Насчет «меньшего сюжетного разнообразия» очень точно: в «ХХ» вообще нет сюжета, гибель Учителя в конце предельно искусственна, действуют не герои, а типы, и типы эти фельетонны, но это входит в условия задачи. К русской литературе это не имеет вроде бы никакого отношения, поскольку вещи, традиционно ею ценимые, — психологизм, стилистическое многообразие (даже у Достоевского!), серьезность постановки последних вопросов — для Эренбурга, особенно молодого, немыслимы. Но есть в «ХХ» — и вообще в Эренбурге — одна типичная для русской прозы черта: социальная чуткость, почти звериная; стремление как можно раньше приметить и обозначить явление. Когда Тургенев прежде всех вывел в романе революционного разночинца и придумал для него слово «нигилист», когда Достоевский по мотивам недавнего преступления написал «…и наказание», когда Толстой вставляет в 1812 год сверхчеловека Долохова — свою реплику в дискуссиях о новом наполеонизме людей шестидесятых годов, — это что, фельетонность? Погоня за повседневностью? Русская литература дорожит сверхактуальностью, стремительно реагирует на любые перемены погоды, и в этом смысле Эренбург как раз наследник классиков — а о «вечном» и «вневременном» как раз задумываются обычно люди, у которых плохо с интуицией; именно эти тугодумы, к сожалению, чаще подаются в критики — потому что писатели из них не выходят.

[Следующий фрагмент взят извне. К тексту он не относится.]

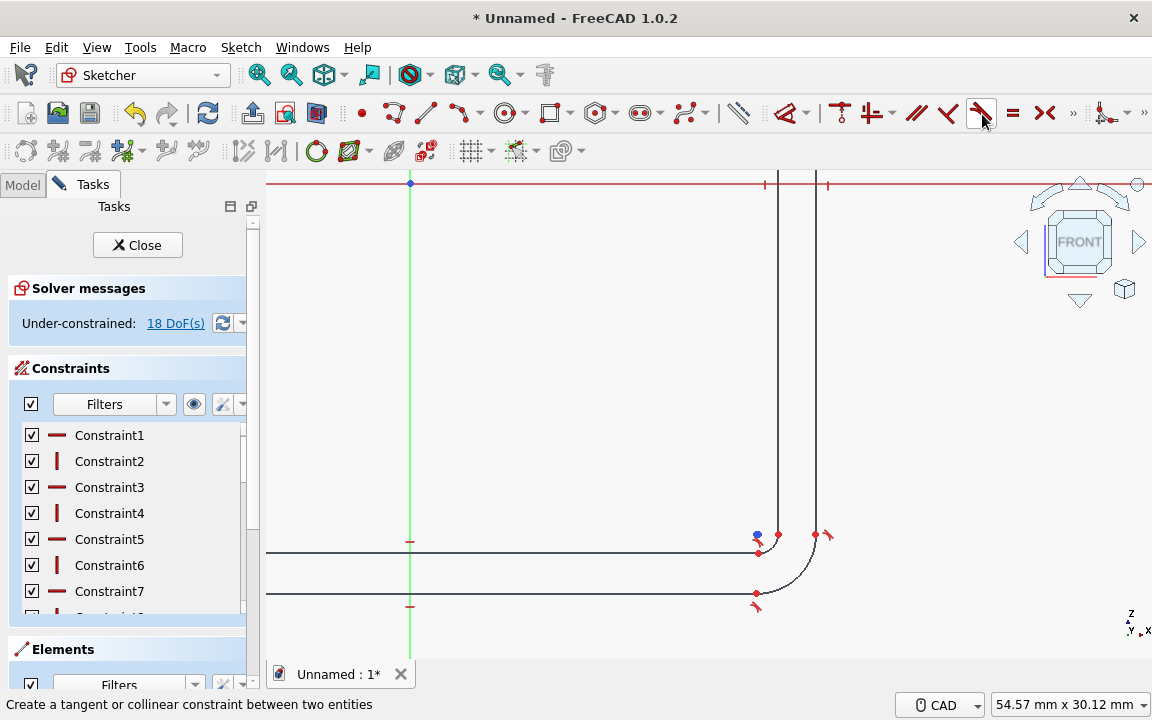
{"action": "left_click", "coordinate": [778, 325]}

«ХХ» — не бестселлер, по крайней мере сейчас, не хит, не столь бесспорная классика, как романы Булгакова, Ильфа и Петрова или, если брать другую сторону, Франса (который на Эренбурга сильно повлиял). Но это первый роман, в котором советская эпоха использована как материал для плутовского эпоса в странном, но плодотворном симбиозе с романом идей. Почему «ХХ» сегодня не хит — понятно: там, во-первых, слишком много говорят, а во-вторых, там преобладает скепсис, который в России и всегда-то не слишком востребован, а нынче, при дефиците позитивных идей, подавно. Однако все это не отменяет первопроходческой и формотворческой заслуги автора, чей ХХ узнавался потом во множестве советских пьяных ресторанных философов и пророков, вплоть до Бабичева-старшего из «Зависти».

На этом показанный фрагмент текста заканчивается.